Sa vocation, il en a eu conscience assez tôt dans la vie. Issu d’une famille nombreuse de 14 enfants à Saint-Germain-de-Grantham, Pierre Janelle a ressenti dès son jeune âge le désir d’une vie religieuse. «J’avais 5 ou 6 ans», confie-t-il, tout en précisant que l’histoire de sa vocation, il la doit en quelque sorte à son grand-père maternel, le sacristain de la paroisse. «J’allais chez lui pendant les vacances estivales. Je fréquentais beaucoup l’église, car ça commençait tôt, à 6 h le matin pour sonner les cloches, sans compter l’angélus le midi et le soir à 18 h. J’avais donc beaucoup de contacts avec l’église», se remémore-t-il.

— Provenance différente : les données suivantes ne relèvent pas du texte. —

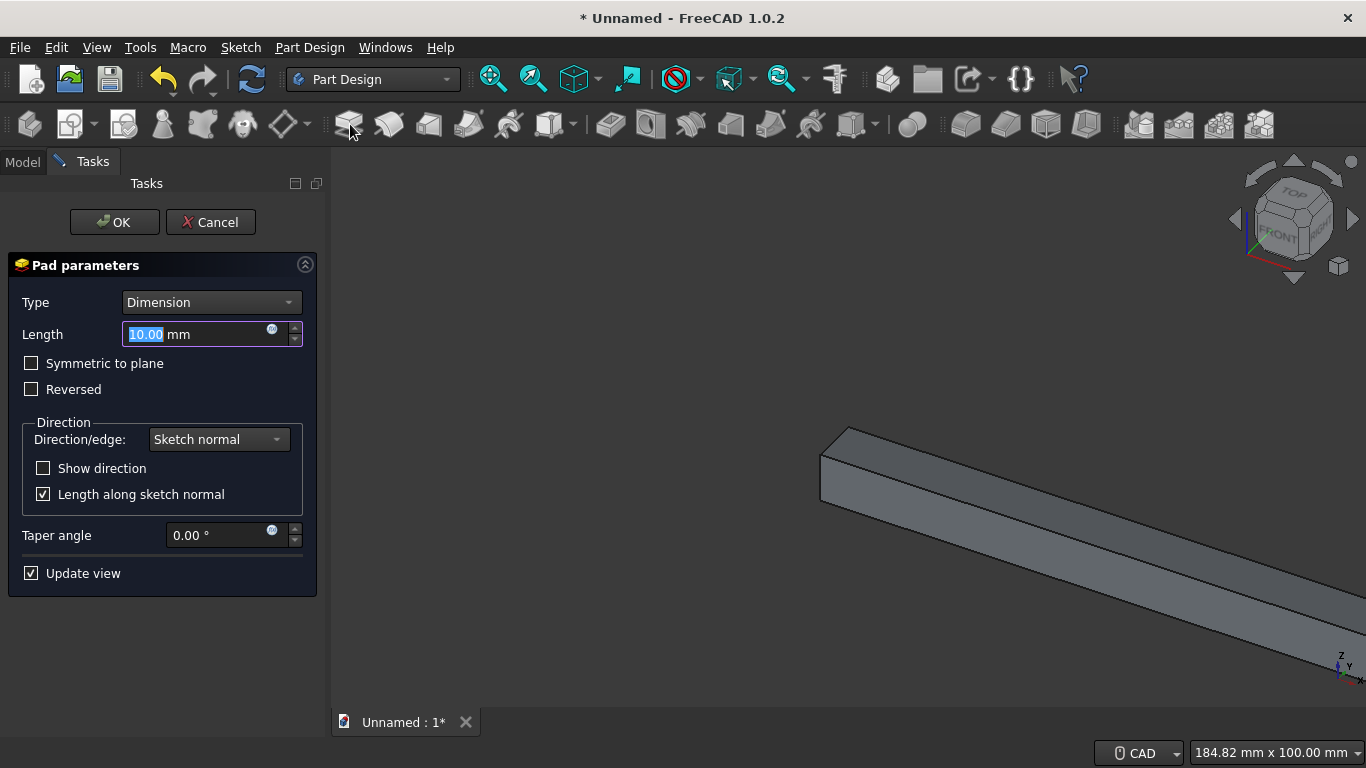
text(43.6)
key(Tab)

Mais un événement l’a particulièrement marqué à l’âge de 6 ans alors qu’un important incendie éclate et menace de ravager son village natal. «Il n’y avait plus d’eau. Des gens sont allés chercher le curé, dont on disait qu’il accomplissait des miracles. Avec l’ostensoir, l’abbé Roméo Savoie est passé entre la maison en flammes et la voisine. Et après en avoir fait le tour, il a dit aux pompiers : allez pomper, il y a de l’eau. Et ils ont éteint le feu. Ça m’avait beaucoup interpellé», se rappelle l’abbé Janelle.
Il se souvient aussi que ce curé était «un bon pasteur». «Il connaissait ses paroissiens. Il savait qui j’étais même sans me voir souvent puisque nous habitions en campagne. Je le trouvais tellement bon et agréable à rencontrer. C’était vraiment quelqu’un de bien», souligne-t-il, avouant avoir voulu l’imiter en quelque sorte et suivre ses traces.
Paroles de mère
Pierre Janelle a fréquenté le petit séminaire de Granby avant les études secondaires, moment où l’abbé André Messier, affecté aux œuvres des vocations au diocèse de Nicolet, lui demande s’il voulait vérifier s’il ressentait toujours cet appel au sacerdoce. Oui, tel était son désir.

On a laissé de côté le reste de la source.